Detailed visualization of graph convolution and message passing theory

Reprinted from: Deephub Imba

In this article, we will study how to build a graph convolutional neural network based on a message passing mechanism and create a model to classify molecules with embedded visualizations.

Suppose there is now a need to design drugs to treat certain diseases. There is a dataset of drugs that successfully treat a disease and drugs that don't work, and now we need to design a new drug and want to know if it can treat the disease. If a meaningful representation of a drug can be created, a classifier can be trained to predict whether it will be useful for disease treatment. Our drugs are molecular formulas, which can be represented graphically. The nodes of this graph are atoms. Atoms can also be described by eigenvectors x (which can consist of atomic properties such as mass, number of electrons, or others). To classify molecules, we want to use knowledge about their spatial structure and atomic characteristics to obtain some meaningful representations.

An example of a molecule represented graphically. Atoms have their eigenvectors X. The indices in the feature vector represent the node indices.
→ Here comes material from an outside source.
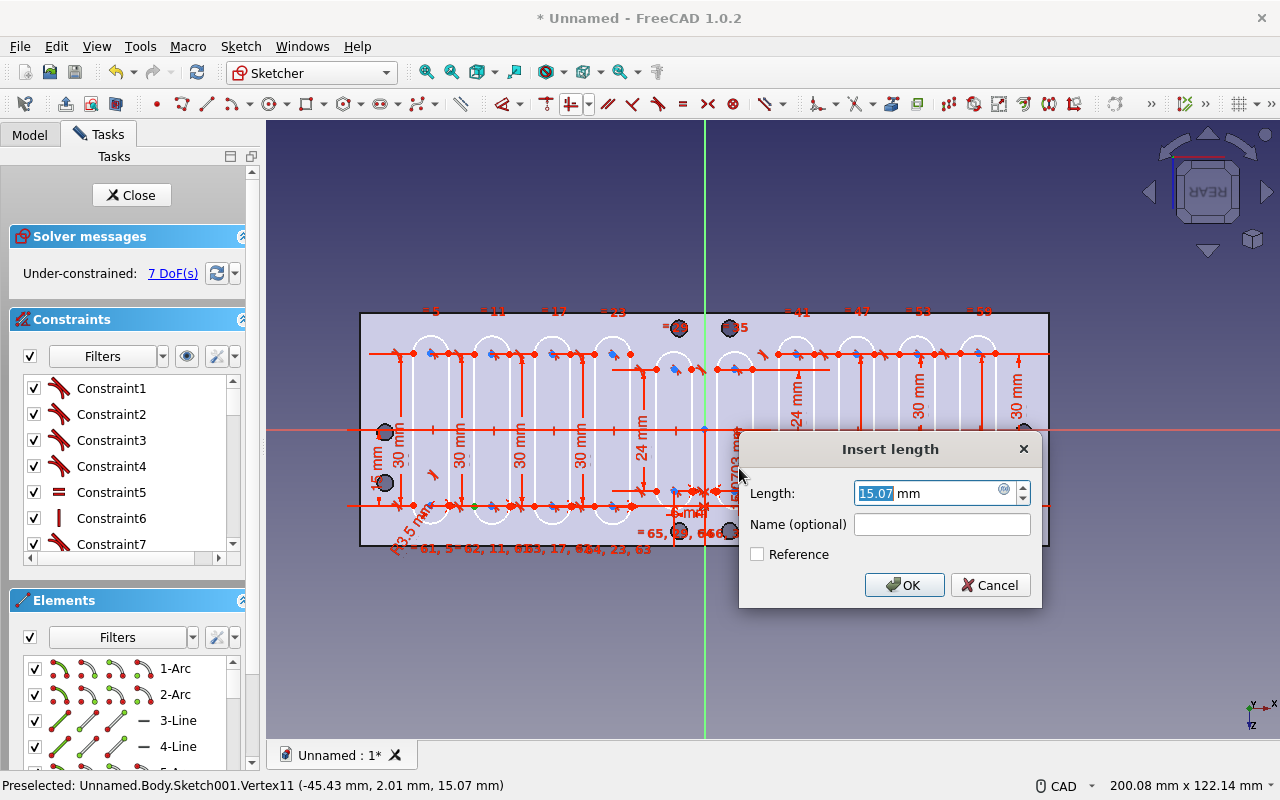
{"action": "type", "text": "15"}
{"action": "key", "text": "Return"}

The most straightforward way is to aggregate the feature vectors, e.g. simply take their average:

This is a valid solution, but it ignores important molecular spatial structures.

graph convolution

We can come up with another idea: represent the molecular graph with an adjacency matrix and "extend" its depth with eigenvectors. We get a fake image [8, 8, N], where N is the dimension of the node feature vector x. It is now possible to use regular convolutional neural networks and extract molecular embeddings.

The graph structure can be represented as an adjacency matrix. Node features can be represented as channels in the image (brackets represent connections).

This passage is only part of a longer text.